The tooling used for CAAD overcomes these obstacles in part by removing the need for Users and beneficiaries
to see programming code. Instead they visualize the building blocks in a near-WYWIWYG form. Even logic
rules and links are transformed into visual indicators that non-IT people can understand. Then applications
are quickly progressed to a published stage (this is a near instant act) which means Users and beneficiaries can
see the end-result as it is being manufactured. Another way that the CAAD methodology overcomes this
knowledge and vocabulary gap is to create ‘structures’ that non-technical people can grasp.

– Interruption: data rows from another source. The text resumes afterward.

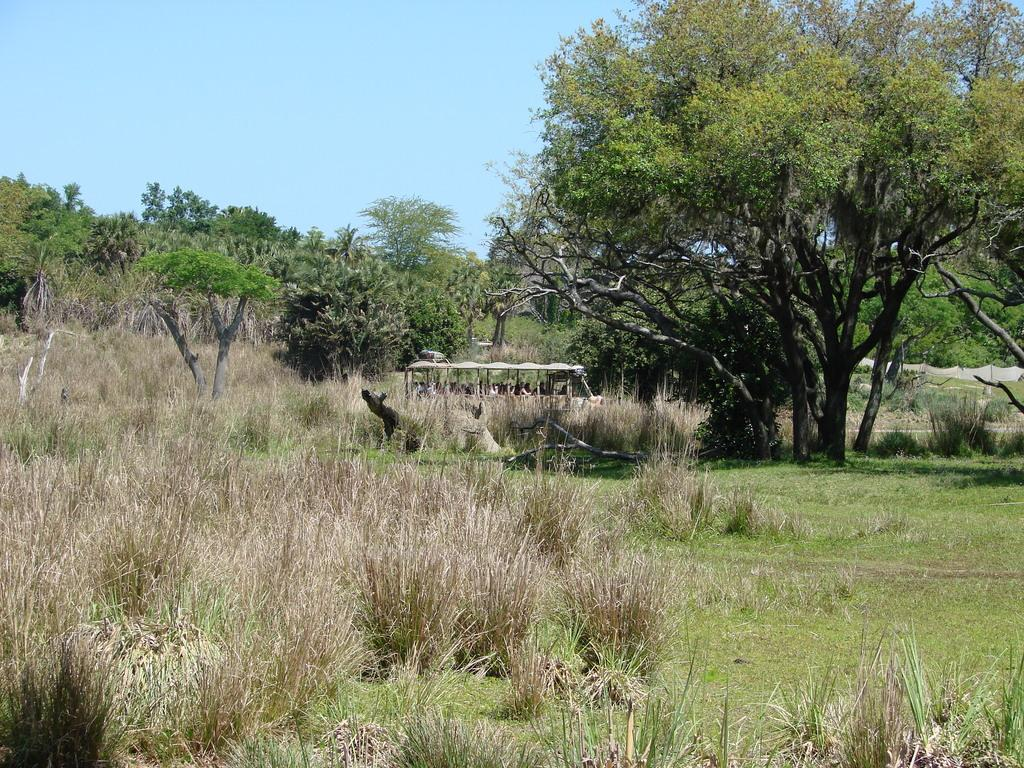What type of vegetation can be seen in the image? There are trees in the image. What else is present in the image besides trees? There is a vehicle and grass visible in the image. What can be seen in the background of the image? The sky is visible in the background of the image. How many grapes are hanging from the trees in the image? There are no grapes present in the image; it features trees without any fruit. What type of coat is draped over the vehicle in the image? There is no coat present in the image; it only features a vehicle and trees. 
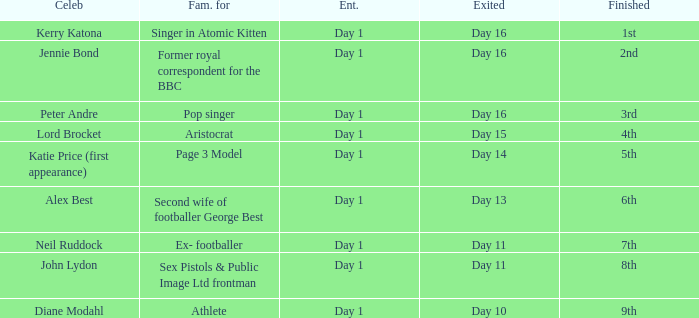Name the finished for exited day 13 6th. 
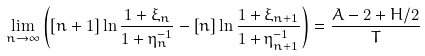<formula> <loc_0><loc_0><loc_500><loc_500>\lim _ { n \rightarrow \infty } \left ( \left [ n + 1 \right ] \ln \frac { 1 + \xi _ { n } } { 1 + \eta _ { n } ^ { - 1 } } - \left [ n \right ] \ln \frac { 1 + \xi _ { n + 1 } } { 1 + \eta _ { n + 1 } ^ { - 1 } } \right ) = \frac { A - 2 + H / 2 } T</formula> 
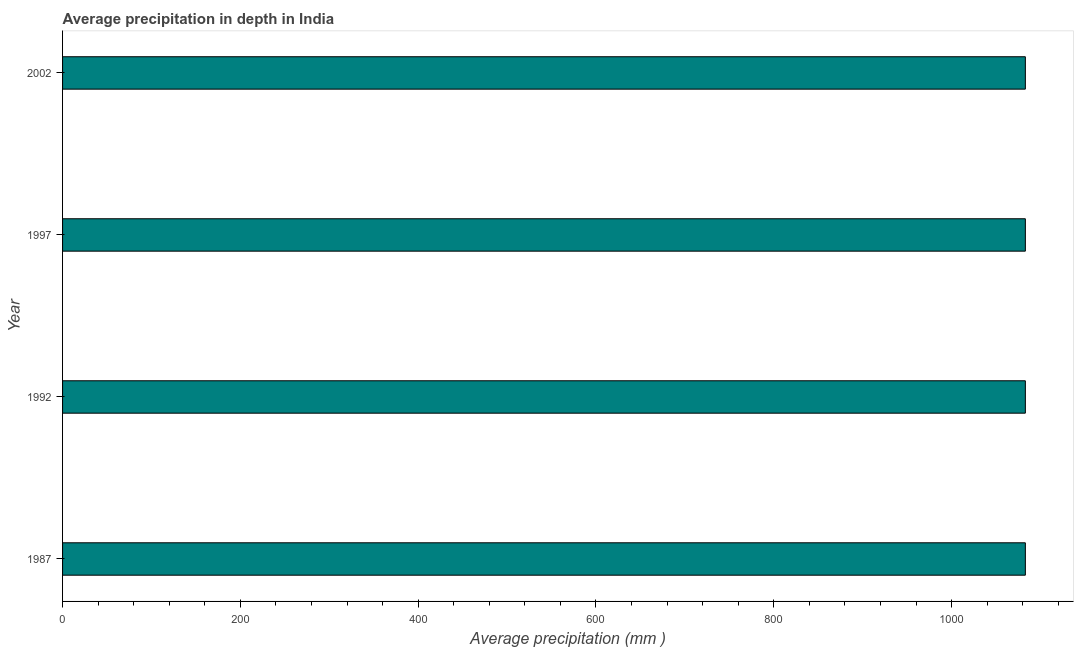Does the graph contain grids?
Make the answer very short. No. What is the title of the graph?
Ensure brevity in your answer.  Average precipitation in depth in India. What is the label or title of the X-axis?
Provide a succinct answer. Average precipitation (mm ). What is the average precipitation in depth in 2002?
Ensure brevity in your answer.  1083. Across all years, what is the maximum average precipitation in depth?
Your answer should be very brief. 1083. Across all years, what is the minimum average precipitation in depth?
Give a very brief answer. 1083. In which year was the average precipitation in depth minimum?
Provide a succinct answer. 1987. What is the sum of the average precipitation in depth?
Your answer should be very brief. 4332. What is the average average precipitation in depth per year?
Your answer should be compact. 1083. What is the median average precipitation in depth?
Keep it short and to the point. 1083. In how many years, is the average precipitation in depth greater than 600 mm?
Your answer should be compact. 4. What is the ratio of the average precipitation in depth in 1987 to that in 1992?
Provide a short and direct response. 1. Is the average precipitation in depth in 1987 less than that in 1997?
Offer a very short reply. No. In how many years, is the average precipitation in depth greater than the average average precipitation in depth taken over all years?
Provide a short and direct response. 0. How many bars are there?
Give a very brief answer. 4. Are all the bars in the graph horizontal?
Your answer should be compact. Yes. How many years are there in the graph?
Offer a very short reply. 4. What is the difference between two consecutive major ticks on the X-axis?
Your answer should be very brief. 200. What is the Average precipitation (mm ) in 1987?
Provide a succinct answer. 1083. What is the Average precipitation (mm ) in 1992?
Your response must be concise. 1083. What is the Average precipitation (mm ) of 1997?
Provide a short and direct response. 1083. What is the Average precipitation (mm ) of 2002?
Provide a short and direct response. 1083. What is the difference between the Average precipitation (mm ) in 1987 and 2002?
Your response must be concise. 0. What is the difference between the Average precipitation (mm ) in 1992 and 1997?
Ensure brevity in your answer.  0. What is the difference between the Average precipitation (mm ) in 1992 and 2002?
Keep it short and to the point. 0. What is the difference between the Average precipitation (mm ) in 1997 and 2002?
Keep it short and to the point. 0. What is the ratio of the Average precipitation (mm ) in 1987 to that in 1992?
Offer a very short reply. 1. What is the ratio of the Average precipitation (mm ) in 1992 to that in 1997?
Provide a short and direct response. 1. What is the ratio of the Average precipitation (mm ) in 1992 to that in 2002?
Your answer should be very brief. 1. What is the ratio of the Average precipitation (mm ) in 1997 to that in 2002?
Offer a very short reply. 1. 
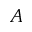Convert formula to latex. <formula><loc_0><loc_0><loc_500><loc_500>A</formula> 
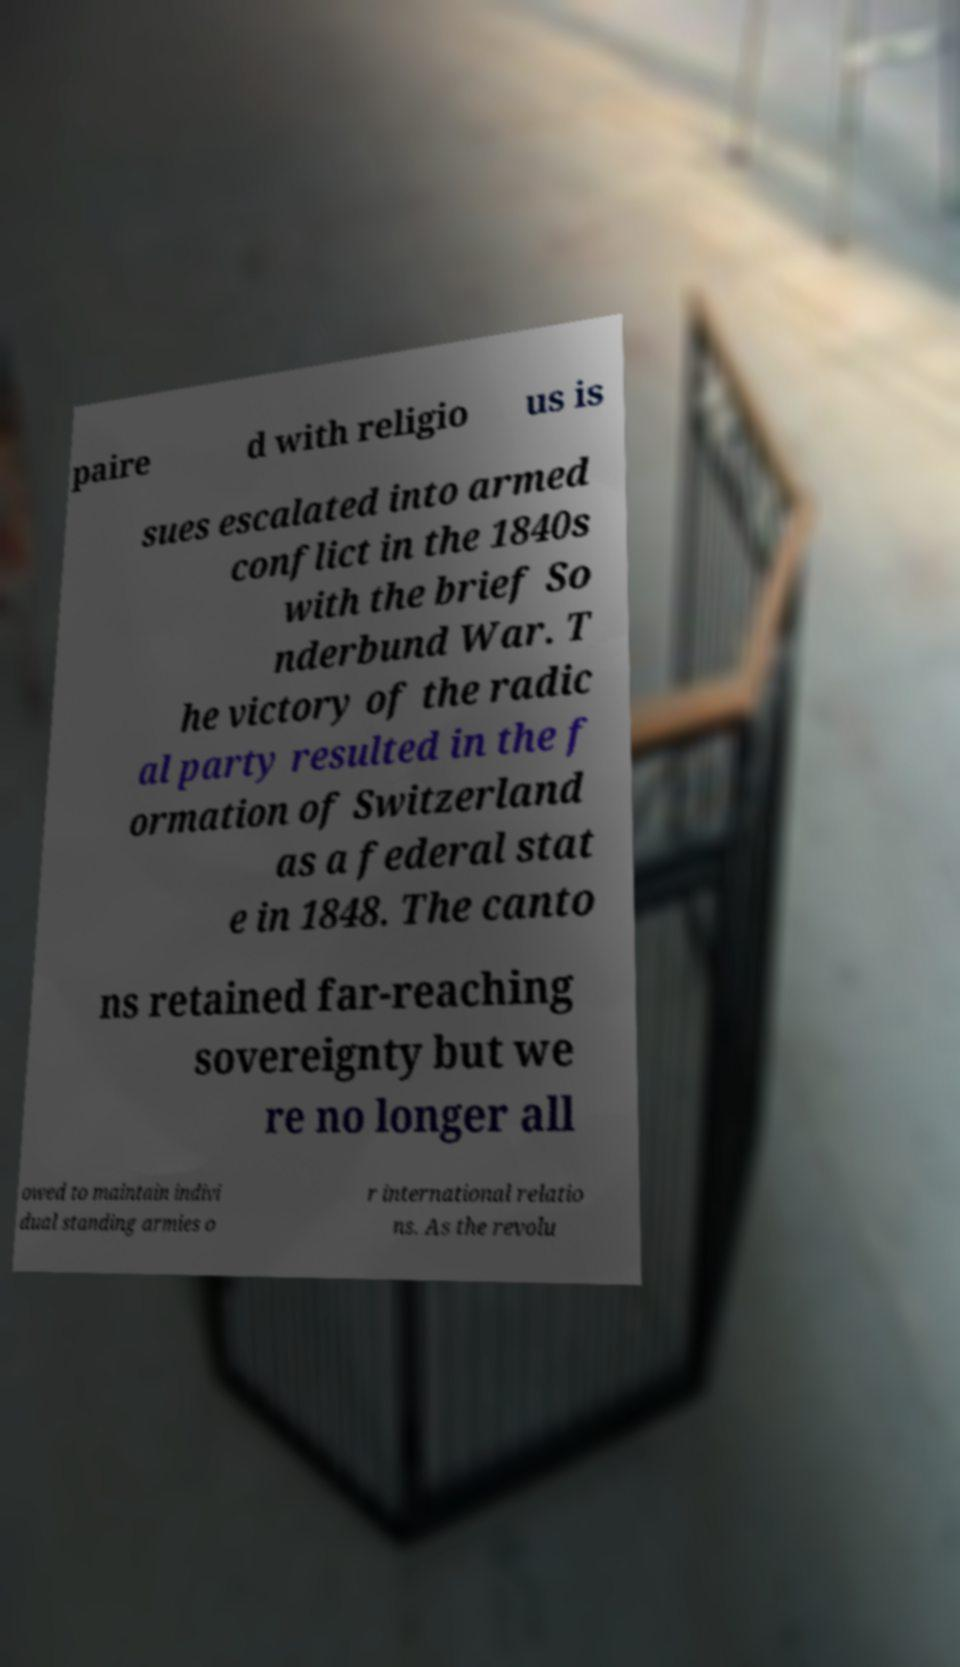What messages or text are displayed in this image? I need them in a readable, typed format. paire d with religio us is sues escalated into armed conflict in the 1840s with the brief So nderbund War. T he victory of the radic al party resulted in the f ormation of Switzerland as a federal stat e in 1848. The canto ns retained far-reaching sovereignty but we re no longer all owed to maintain indivi dual standing armies o r international relatio ns. As the revolu

One example of
this is the use of Site Constructs.
SITE CONSTRUCTS
Introduction
A Site Construct is a pre-defined User Interface configuration that performs a specific function in the end
application. On the following pages we describe the constructs of a typical Encanvas application. Rarely do
applications include all of the components described here. Depending on the complexity and number of ‘jobs’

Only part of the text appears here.